─── Data for processing ───

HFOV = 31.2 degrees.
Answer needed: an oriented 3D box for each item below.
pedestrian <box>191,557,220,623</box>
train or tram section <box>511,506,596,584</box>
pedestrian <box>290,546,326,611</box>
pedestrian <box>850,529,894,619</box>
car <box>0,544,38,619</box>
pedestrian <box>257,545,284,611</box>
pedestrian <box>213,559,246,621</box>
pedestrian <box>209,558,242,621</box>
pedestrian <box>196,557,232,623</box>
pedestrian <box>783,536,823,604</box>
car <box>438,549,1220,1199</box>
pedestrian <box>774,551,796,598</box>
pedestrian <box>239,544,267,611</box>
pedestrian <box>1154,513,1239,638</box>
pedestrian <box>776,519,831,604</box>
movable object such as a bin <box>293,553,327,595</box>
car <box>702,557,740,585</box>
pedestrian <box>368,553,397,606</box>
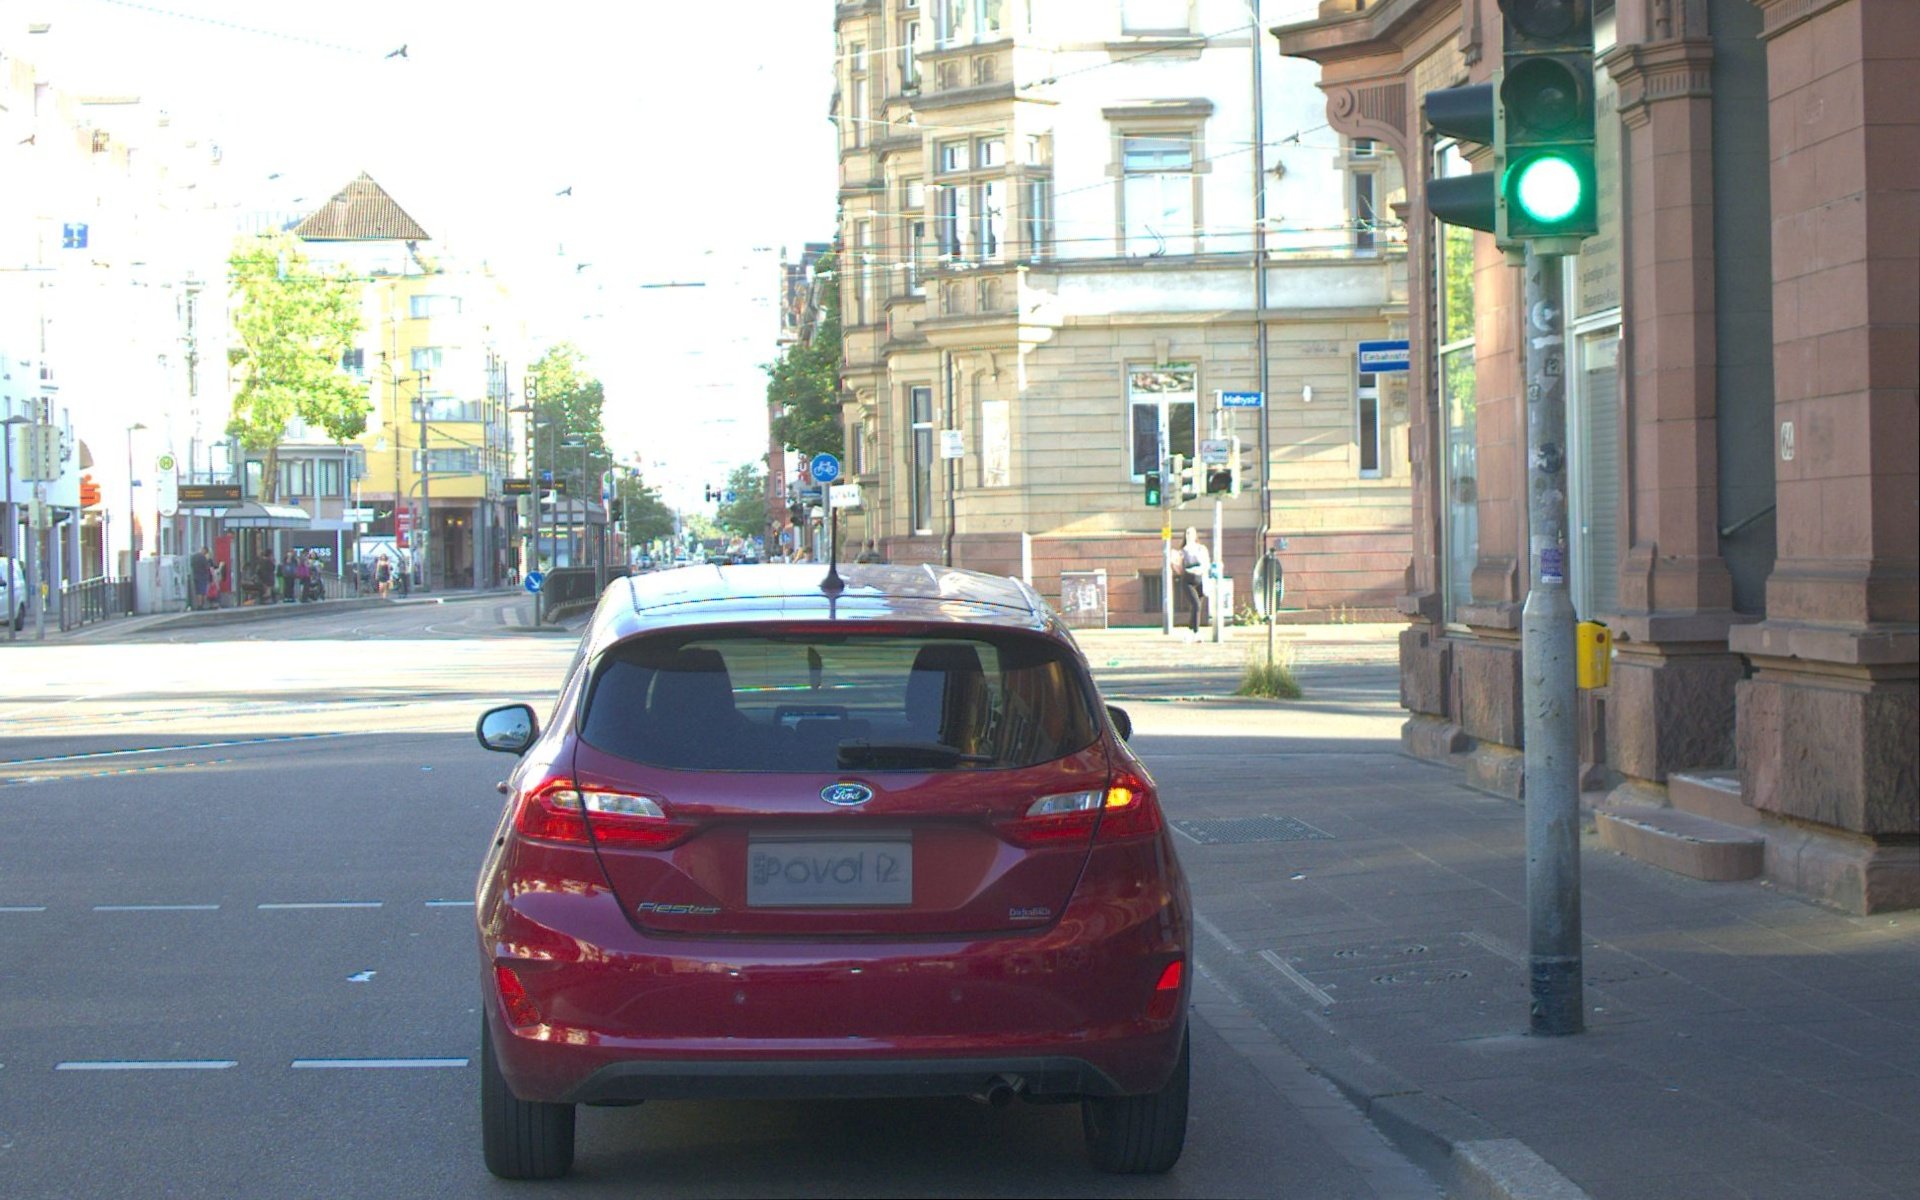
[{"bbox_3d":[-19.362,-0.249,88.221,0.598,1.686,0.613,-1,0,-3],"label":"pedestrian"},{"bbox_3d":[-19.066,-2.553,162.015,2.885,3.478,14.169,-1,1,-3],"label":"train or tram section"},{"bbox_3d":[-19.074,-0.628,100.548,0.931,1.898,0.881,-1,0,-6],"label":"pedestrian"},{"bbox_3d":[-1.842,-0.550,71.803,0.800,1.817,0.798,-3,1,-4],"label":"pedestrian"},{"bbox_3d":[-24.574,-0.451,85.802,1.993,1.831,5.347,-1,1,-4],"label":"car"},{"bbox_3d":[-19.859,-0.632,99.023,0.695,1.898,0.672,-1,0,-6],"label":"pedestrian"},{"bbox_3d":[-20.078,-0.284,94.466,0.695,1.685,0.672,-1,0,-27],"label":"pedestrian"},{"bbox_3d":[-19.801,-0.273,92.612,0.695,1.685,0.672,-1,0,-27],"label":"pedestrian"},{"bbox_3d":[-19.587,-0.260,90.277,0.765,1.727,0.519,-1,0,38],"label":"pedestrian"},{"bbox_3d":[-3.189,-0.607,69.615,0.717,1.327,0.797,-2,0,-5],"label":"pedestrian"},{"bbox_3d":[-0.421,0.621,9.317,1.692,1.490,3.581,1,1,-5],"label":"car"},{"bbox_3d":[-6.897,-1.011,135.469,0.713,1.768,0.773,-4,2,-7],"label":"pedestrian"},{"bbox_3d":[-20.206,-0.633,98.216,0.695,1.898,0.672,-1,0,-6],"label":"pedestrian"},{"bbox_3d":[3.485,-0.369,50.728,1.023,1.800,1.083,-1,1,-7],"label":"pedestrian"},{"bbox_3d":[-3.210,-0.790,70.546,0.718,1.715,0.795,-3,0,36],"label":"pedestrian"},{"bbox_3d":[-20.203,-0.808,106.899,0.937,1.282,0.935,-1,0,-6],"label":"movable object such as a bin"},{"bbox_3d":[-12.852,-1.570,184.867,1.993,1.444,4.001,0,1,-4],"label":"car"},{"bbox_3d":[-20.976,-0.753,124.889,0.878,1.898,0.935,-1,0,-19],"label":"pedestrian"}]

───
─── Data for processing ───

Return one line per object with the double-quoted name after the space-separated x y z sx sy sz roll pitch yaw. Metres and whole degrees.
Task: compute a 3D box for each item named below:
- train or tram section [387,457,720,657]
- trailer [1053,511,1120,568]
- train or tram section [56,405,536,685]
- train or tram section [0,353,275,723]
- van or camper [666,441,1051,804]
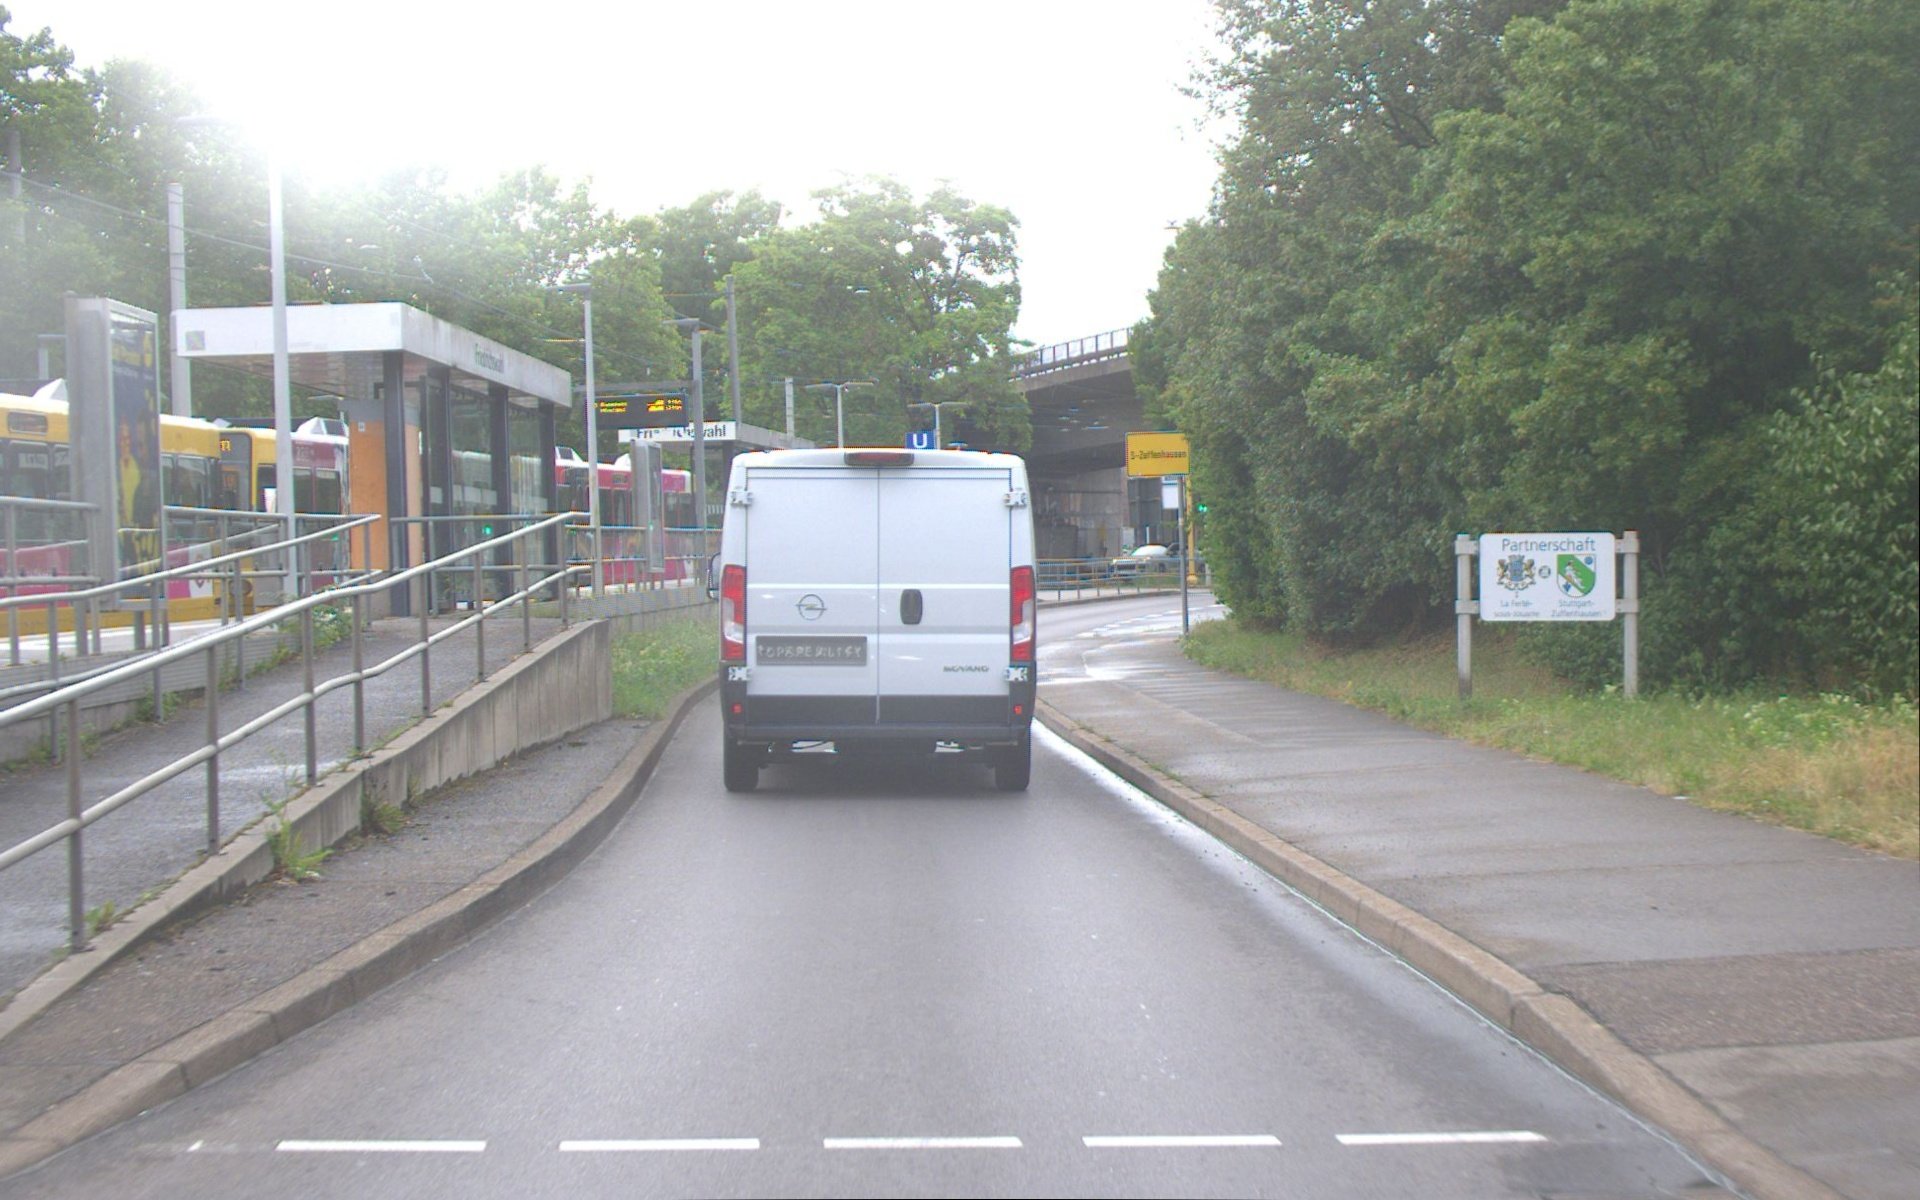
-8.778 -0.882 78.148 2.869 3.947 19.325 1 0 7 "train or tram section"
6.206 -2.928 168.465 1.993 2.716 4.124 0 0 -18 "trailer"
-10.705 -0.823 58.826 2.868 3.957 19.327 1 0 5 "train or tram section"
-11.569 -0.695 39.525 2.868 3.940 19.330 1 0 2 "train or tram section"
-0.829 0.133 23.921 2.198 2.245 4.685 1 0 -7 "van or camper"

───
─── Data for processing ───

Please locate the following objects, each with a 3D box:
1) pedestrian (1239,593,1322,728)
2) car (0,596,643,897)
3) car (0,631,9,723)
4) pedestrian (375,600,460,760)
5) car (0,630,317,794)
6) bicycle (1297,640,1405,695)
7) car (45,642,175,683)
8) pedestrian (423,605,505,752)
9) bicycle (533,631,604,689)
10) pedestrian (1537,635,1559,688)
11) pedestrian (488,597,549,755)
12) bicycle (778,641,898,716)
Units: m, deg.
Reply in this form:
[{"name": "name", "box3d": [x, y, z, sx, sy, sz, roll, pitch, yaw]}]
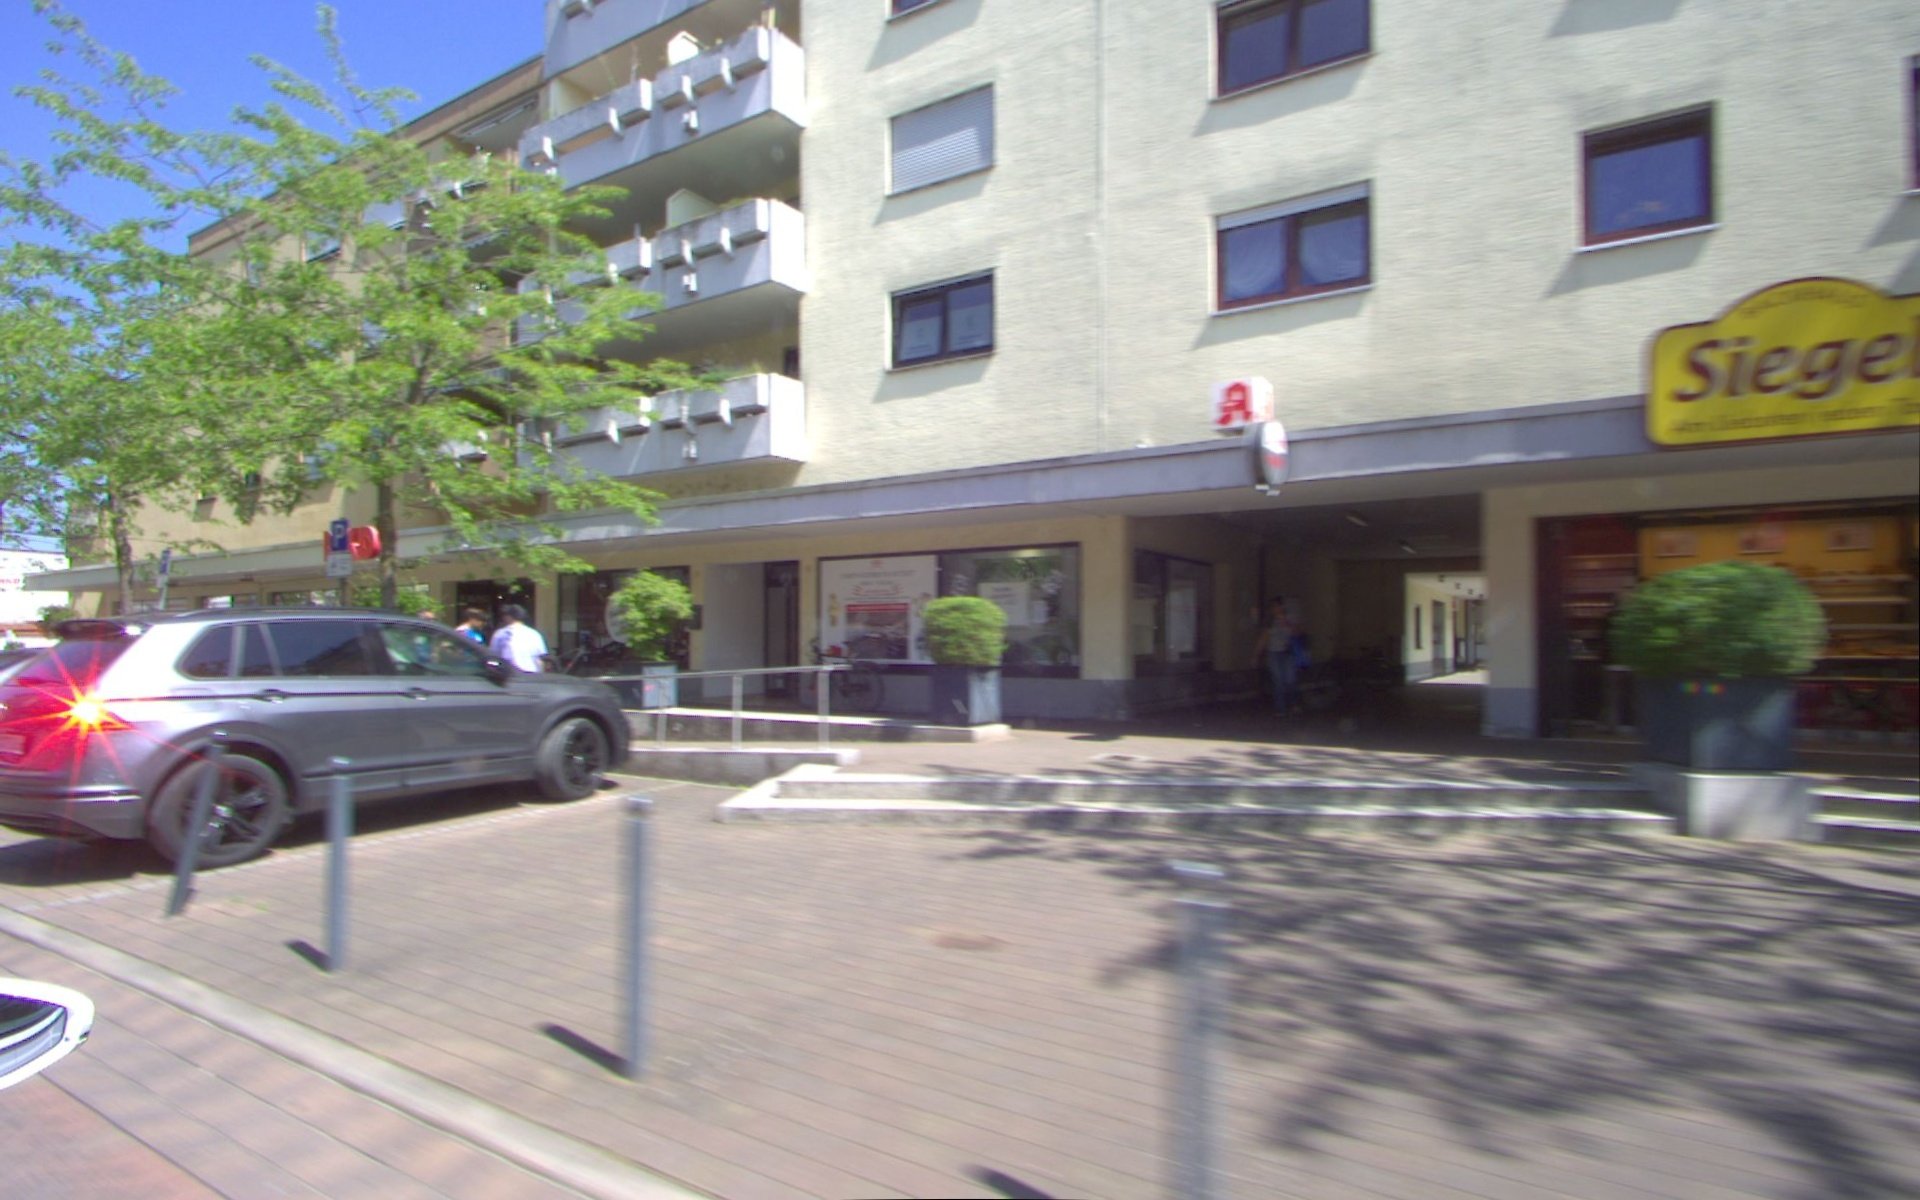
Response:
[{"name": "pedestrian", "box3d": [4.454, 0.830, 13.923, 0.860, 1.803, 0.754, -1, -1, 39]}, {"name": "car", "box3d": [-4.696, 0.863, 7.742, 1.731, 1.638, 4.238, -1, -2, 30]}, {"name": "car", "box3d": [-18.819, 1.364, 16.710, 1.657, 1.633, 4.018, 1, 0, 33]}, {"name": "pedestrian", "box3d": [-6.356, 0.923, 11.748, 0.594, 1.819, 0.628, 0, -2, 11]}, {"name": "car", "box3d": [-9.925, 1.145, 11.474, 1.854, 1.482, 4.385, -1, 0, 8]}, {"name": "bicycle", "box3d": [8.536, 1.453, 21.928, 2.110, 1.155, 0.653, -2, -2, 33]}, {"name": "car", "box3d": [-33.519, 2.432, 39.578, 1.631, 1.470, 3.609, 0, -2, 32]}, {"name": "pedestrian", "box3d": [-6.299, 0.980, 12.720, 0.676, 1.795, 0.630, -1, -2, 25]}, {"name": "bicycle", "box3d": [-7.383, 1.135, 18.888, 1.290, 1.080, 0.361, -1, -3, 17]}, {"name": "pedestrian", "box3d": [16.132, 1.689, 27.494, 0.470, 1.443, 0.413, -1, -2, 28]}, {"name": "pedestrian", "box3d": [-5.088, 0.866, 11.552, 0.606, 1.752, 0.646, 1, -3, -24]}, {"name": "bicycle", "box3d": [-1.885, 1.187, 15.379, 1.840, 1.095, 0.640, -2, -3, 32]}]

───

▶ _The task_
Please determine the number of lines in the records above that include the string "item", and answer with that number only.

▶ _Exercise result_
2